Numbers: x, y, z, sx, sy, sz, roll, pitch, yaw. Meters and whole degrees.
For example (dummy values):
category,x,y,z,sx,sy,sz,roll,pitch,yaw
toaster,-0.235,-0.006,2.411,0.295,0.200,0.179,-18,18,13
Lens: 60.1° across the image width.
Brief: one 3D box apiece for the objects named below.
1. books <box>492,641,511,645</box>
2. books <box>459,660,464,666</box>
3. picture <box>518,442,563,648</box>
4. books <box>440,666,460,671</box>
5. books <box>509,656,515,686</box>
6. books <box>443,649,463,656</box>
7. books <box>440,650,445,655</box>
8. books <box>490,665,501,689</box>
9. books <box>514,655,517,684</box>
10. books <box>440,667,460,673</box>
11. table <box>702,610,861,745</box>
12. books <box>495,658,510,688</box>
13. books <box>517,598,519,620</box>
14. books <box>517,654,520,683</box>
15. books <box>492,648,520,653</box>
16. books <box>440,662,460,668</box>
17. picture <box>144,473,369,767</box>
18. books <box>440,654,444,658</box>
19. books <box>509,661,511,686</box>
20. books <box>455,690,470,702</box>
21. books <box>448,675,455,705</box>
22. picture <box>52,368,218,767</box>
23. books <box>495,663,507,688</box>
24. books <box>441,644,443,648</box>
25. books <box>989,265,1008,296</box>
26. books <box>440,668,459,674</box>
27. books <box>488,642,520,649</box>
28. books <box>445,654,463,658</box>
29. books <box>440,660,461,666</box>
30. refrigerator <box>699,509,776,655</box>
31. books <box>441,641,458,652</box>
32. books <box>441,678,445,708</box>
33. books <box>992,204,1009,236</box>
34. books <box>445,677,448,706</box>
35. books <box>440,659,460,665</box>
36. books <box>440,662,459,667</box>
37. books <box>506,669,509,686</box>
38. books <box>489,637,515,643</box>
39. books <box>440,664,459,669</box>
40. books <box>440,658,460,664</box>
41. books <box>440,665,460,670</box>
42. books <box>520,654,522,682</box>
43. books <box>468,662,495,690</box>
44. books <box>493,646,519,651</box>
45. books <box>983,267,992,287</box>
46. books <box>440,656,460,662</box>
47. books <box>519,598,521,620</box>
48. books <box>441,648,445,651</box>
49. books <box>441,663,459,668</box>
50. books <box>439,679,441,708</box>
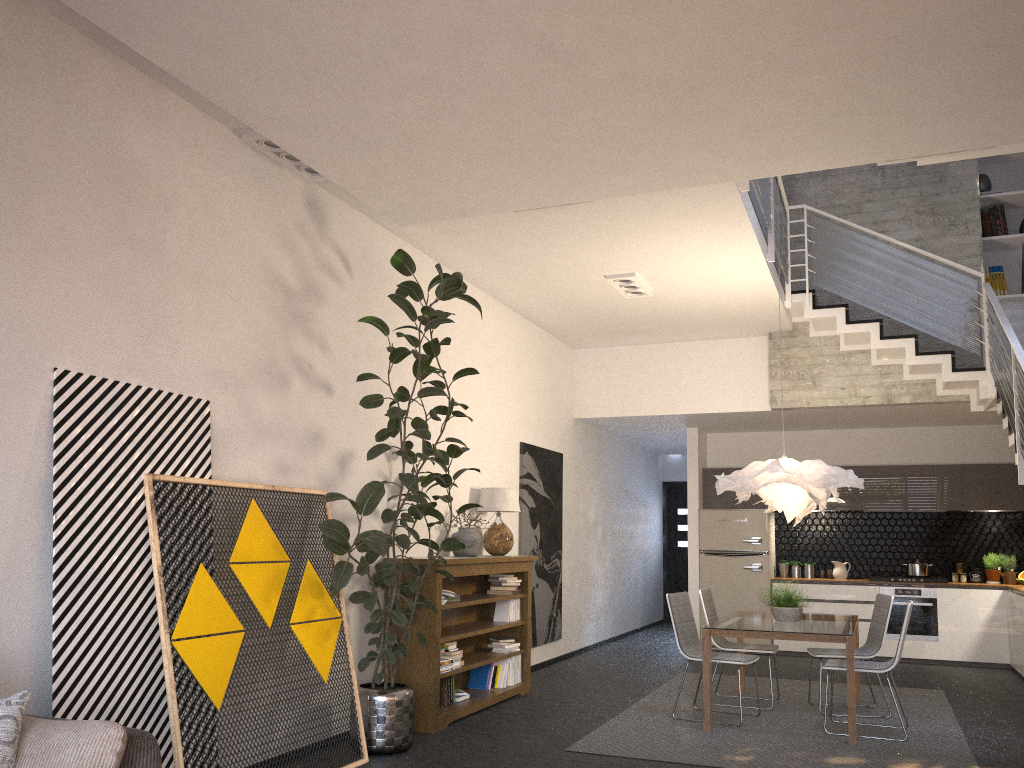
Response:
category,x,y,z,sx,sy,sz,roll,pitch,yaw
books,-0.086,2.188,7.501,0.155,0.022,0.207,0,-10,2
books,-0.506,2.090,6.636,0.243,0.033,0.181,-4,-11,24
picture,0.309,1.676,9.210,0.033,2.014,1.241,-2,-8,22
books,-0.542,2.039,6.364,0.219,0.008,0.306,-4,-11,26
books,-0.063,2.426,7.511,0.175,0.241,0.024,-2,-8,22
books,-0.508,2.014,6.656,0.225,0.029,0.180,-4,-11,25
books,-0.599,1.952,6.424,0.175,0.023,0.251,-1,-10,8
books,-0.183,2.425,7.332,0.146,0.182,0.148,-3,-9,25
books,-0.040,2.440,7.592,0.175,0.242,0.019,-2,-8,22
books,-0.542,2.046,6.361,0.219,0.007,0.307,-4,-11,26
table,2.137,2.194,6.846,0.998,0.709,1.812,-3,-10,22
books,-0.117,2.409,7.403,0.175,0.233,0.101,-2,-8,22
books,-0.001,1.964,7.735,0.136,0.187,0.018,-2,-8,22
books,-0.015,2.452,7.658,0.175,0.241,0.024,-2,-8,22
books,-0.052,2.252,7.490,0.155,0.020,0.206,-5,-12,32
books,-0.544,2.016,6.376,0.219,0.006,0.306,-4,-11,26
picture,-1.292,1.326,4.696,0.387,1.594,1.507,-2,-9,22
books,-0.599,1.975,6.421,0.175,0.023,0.251,0,-10,3
books,-0.081,2.441,7.493,0.155,0.204,0.021,-2,-8,22
books,-0.441,2.384,6.765,0.270,0.049,0.260,5,-11,-22
books,-0.520,2.263,6.607,0.167,0.240,0.104,-2,-8,22
picture,-1.701,0.999,4.073,0.208,2.005,0.964,-2,-8,22
books,-0.134,2.422,7.365,0.155,0.193,0.105,-2,-8,22
books,-0.613,1.914,6.439,0.193,0.028,0.247,0,-10,2
books,4.990,-0.997,9.101,0.171,0.371,0.274,-2,-8,22
books,-0.542,2.053,6.362,0.219,0.008,0.307,-3,-11,22
books,-0.069,2.213,7.507,0.175,0.023,0.244,-5,-12,32
books,-0.519,2.040,6.653,0.243,0.023,0.176,-5,-11,29
books,-0.539,2.004,6.375,0.219,0.007,0.306,-4,-11,25
refrigerator,2.779,2.410,10.904,0.829,1.700,0.774,-2,-8,22
books,-0.526,1.966,6.663,0.217,0.068,0.159,-5,-11,32
books,-0.580,2.250,6.490,0.171,0.223,0.083,-2,-8,22
books,5.044,-1.628,9.158,0.134,0.380,0.274,-2,-8,22
books,-0.558,2.252,6.546,0.171,0.239,0.085,-2,-8,22
books,-0.541,1.997,6.377,0.219,0.007,0.306,-4,-11,25
books,-0.542,2.011,6.372,0.219,0.008,0.290,-4,-11,26
books,-0.110,2.420,7.479,0.175,0.241,0.024,-2,-8,22
books,-0.087,2.167,7.511,0.147,0.023,0.222,6,-11,-26
books,-0.546,2.026,6.367,0.219,0.008,0.290,-4,-11,28
books,-0.545,1.990,6.380,0.219,0.007,0.306,-4,-11,26
books,-0.541,2.031,6.363,0.219,0.013,0.307,-4,-11,26
books,-0.001,2.457,7.686,0.175,0.242,0.040,-2,-8,22
books,-0.252,2.392,7.288,0.171,0.226,0.166,-2,-9,22
books,-0.049,2.234,7.497,0.174,0.019,0.245,-1,-10,12
books,4.869,-0.989,9.150,0.159,0.370,0.274,-2,-8,22
books,-0.543,1.982,6.382,0.219,0.013,0.307,-4,-11,26
books,0.009,1.968,7.757,0.135,0.188,0.031,-2,-8,22
books,-0.612,1.935,6.438,0.192,0.014,0.257,-1,-10,10
books,-0.547,2.020,6.368,0.219,0.008,0.290,-4,-11,28
books,-0.600,2.234,6.443,0.171,0.239,0.056,-2,-8,22

···

Only the entries themselves should be output, word for word, with all pictures omitted.

> _Output below_:
Numbers: x, y, z, sx, sy, sz, roll, pitch, yaw. Meters and whole degrees.
For example (dummy values):
category,x,y,z,sx,sy,sz,roll,pitch,yaw
toaster,-0.235,-0.006,2.411,0.295,0.200,0.179,-18,18,13
Lens: 60.1° across the image width.
Brief: one 3D box apiece for the objects named below.
1. books <box>492,641,511,645</box>
2. books <box>459,660,464,666</box>
3. picture <box>518,442,563,648</box>
4. books <box>440,666,460,671</box>
5. books <box>509,656,515,686</box>
6. books <box>443,649,463,656</box>
7. books <box>440,650,445,655</box>
8. books <box>490,665,501,689</box>
9. books <box>514,655,517,684</box>
10. books <box>440,667,460,673</box>
11. table <box>702,610,861,745</box>
12. books <box>495,658,510,688</box>
13. books <box>517,598,519,620</box>
14. books <box>517,654,520,683</box>
15. books <box>492,648,520,653</box>
16. books <box>440,662,460,668</box>
17. picture <box>144,473,369,767</box>
18. books <box>440,654,444,658</box>
19. books <box>509,661,511,686</box>
20. books <box>455,690,470,702</box>
21. books <box>448,675,455,705</box>
22. picture <box>52,368,218,767</box>
23. books <box>495,663,507,688</box>
24. books <box>441,644,443,648</box>
25. books <box>989,265,1008,296</box>
26. books <box>440,668,459,674</box>
27. books <box>488,642,520,649</box>
28. books <box>445,654,463,658</box>
29. books <box>440,660,461,666</box>
30. refrigerator <box>699,509,776,655</box>
31. books <box>441,641,458,652</box>
32. books <box>441,678,445,708</box>
33. books <box>992,204,1009,236</box>
34. books <box>445,677,448,706</box>
35. books <box>440,659,460,665</box>
36. books <box>440,662,459,667</box>
37. books <box>506,669,509,686</box>
38. books <box>489,637,515,643</box>
39. books <box>440,664,459,669</box>
40. books <box>440,658,460,664</box>
41. books <box>440,665,460,670</box>
42. books <box>520,654,522,682</box>
43. books <box>468,662,495,690</box>
44. books <box>493,646,519,651</box>
45. books <box>983,267,992,287</box>
46. books <box>440,656,460,662</box>
47. books <box>519,598,521,620</box>
48. books <box>441,648,445,651</box>
49. books <box>441,663,459,668</box>
50. books <box>439,679,441,708</box>
Response:
category,x,y,z,sx,sy,sz,roll,pitch,yaw
books,-0.086,2.188,7.501,0.155,0.022,0.207,0,-10,2
books,-0.506,2.090,6.636,0.243,0.033,0.181,-4,-11,24
picture,0.309,1.676,9.210,0.033,2.014,1.241,-2,-8,22
books,-0.542,2.039,6.364,0.219,0.008,0.306,-4,-11,26
books,-0.063,2.426,7.511,0.175,0.241,0.024,-2,-8,22
books,-0.508,2.014,6.656,0.225,0.029,0.180,-4,-11,25
books,-0.599,1.952,6.424,0.175,0.023,0.251,-1,-10,8
books,-0.183,2.425,7.332,0.146,0.182,0.148,-3,-9,25
books,-0.040,2.440,7.592,0.175,0.242,0.019,-2,-8,22
books,-0.542,2.046,6.361,0.219,0.007,0.307,-4,-11,26
table,2.137,2.194,6.846,0.998,0.709,1.812,-3,-10,22
books,-0.117,2.409,7.403,0.175,0.233,0.101,-2,-8,22
books,-0.001,1.964,7.735,0.136,0.187,0.018,-2,-8,22
books,-0.015,2.452,7.658,0.175,0.241,0.024,-2,-8,22
books,-0.052,2.252,7.490,0.155,0.020,0.206,-5,-12,32
books,-0.544,2.016,6.376,0.219,0.006,0.306,-4,-11,26
picture,-1.292,1.326,4.696,0.387,1.594,1.507,-2,-9,22
books,-0.599,1.975,6.421,0.175,0.023,0.251,0,-10,3
books,-0.081,2.441,7.493,0.155,0.204,0.021,-2,-8,22
books,-0.441,2.384,6.765,0.270,0.049,0.260,5,-11,-22
books,-0.520,2.263,6.607,0.167,0.240,0.104,-2,-8,22
picture,-1.701,0.999,4.073,0.208,2.005,0.964,-2,-8,22
books,-0.134,2.422,7.365,0.155,0.193,0.105,-2,-8,22
books,-0.613,1.914,6.439,0.193,0.028,0.247,0,-10,2
books,4.990,-0.997,9.101,0.171,0.371,0.274,-2,-8,22
books,-0.542,2.053,6.362,0.219,0.008,0.307,-3,-11,22
books,-0.069,2.213,7.507,0.175,0.023,0.244,-5,-12,32
books,-0.519,2.040,6.653,0.243,0.023,0.176,-5,-11,29
books,-0.539,2.004,6.375,0.219,0.007,0.306,-4,-11,25
refrigerator,2.779,2.410,10.904,0.829,1.700,0.774,-2,-8,22
books,-0.526,1.966,6.663,0.217,0.068,0.159,-5,-11,32
books,-0.580,2.250,6.490,0.171,0.223,0.083,-2,-8,22
books,5.044,-1.628,9.158,0.134,0.380,0.274,-2,-8,22
books,-0.558,2.252,6.546,0.171,0.239,0.085,-2,-8,22
books,-0.541,1.997,6.377,0.219,0.007,0.306,-4,-11,25
books,-0.542,2.011,6.372,0.219,0.008,0.290,-4,-11,26
books,-0.110,2.420,7.479,0.175,0.241,0.024,-2,-8,22
books,-0.087,2.167,7.511,0.147,0.023,0.222,6,-11,-26
books,-0.546,2.026,6.367,0.219,0.008,0.290,-4,-11,28
books,-0.545,1.990,6.380,0.219,0.007,0.306,-4,-11,26
books,-0.541,2.031,6.363,0.219,0.013,0.307,-4,-11,26
books,-0.001,2.457,7.686,0.175,0.242,0.040,-2,-8,22
books,-0.252,2.392,7.288,0.171,0.226,0.166,-2,-9,22
books,-0.049,2.234,7.497,0.174,0.019,0.245,-1,-10,12
books,4.869,-0.989,9.150,0.159,0.370,0.274,-2,-8,22
books,-0.543,1.982,6.382,0.219,0.013,0.307,-4,-11,26
books,0.009,1.968,7.757,0.135,0.188,0.031,-2,-8,22
books,-0.612,1.935,6.438,0.192,0.014,0.257,-1,-10,10
books,-0.547,2.020,6.368,0.219,0.008,0.290,-4,-11,28
books,-0.600,2.234,6.443,0.171,0.239,0.056,-2,-8,22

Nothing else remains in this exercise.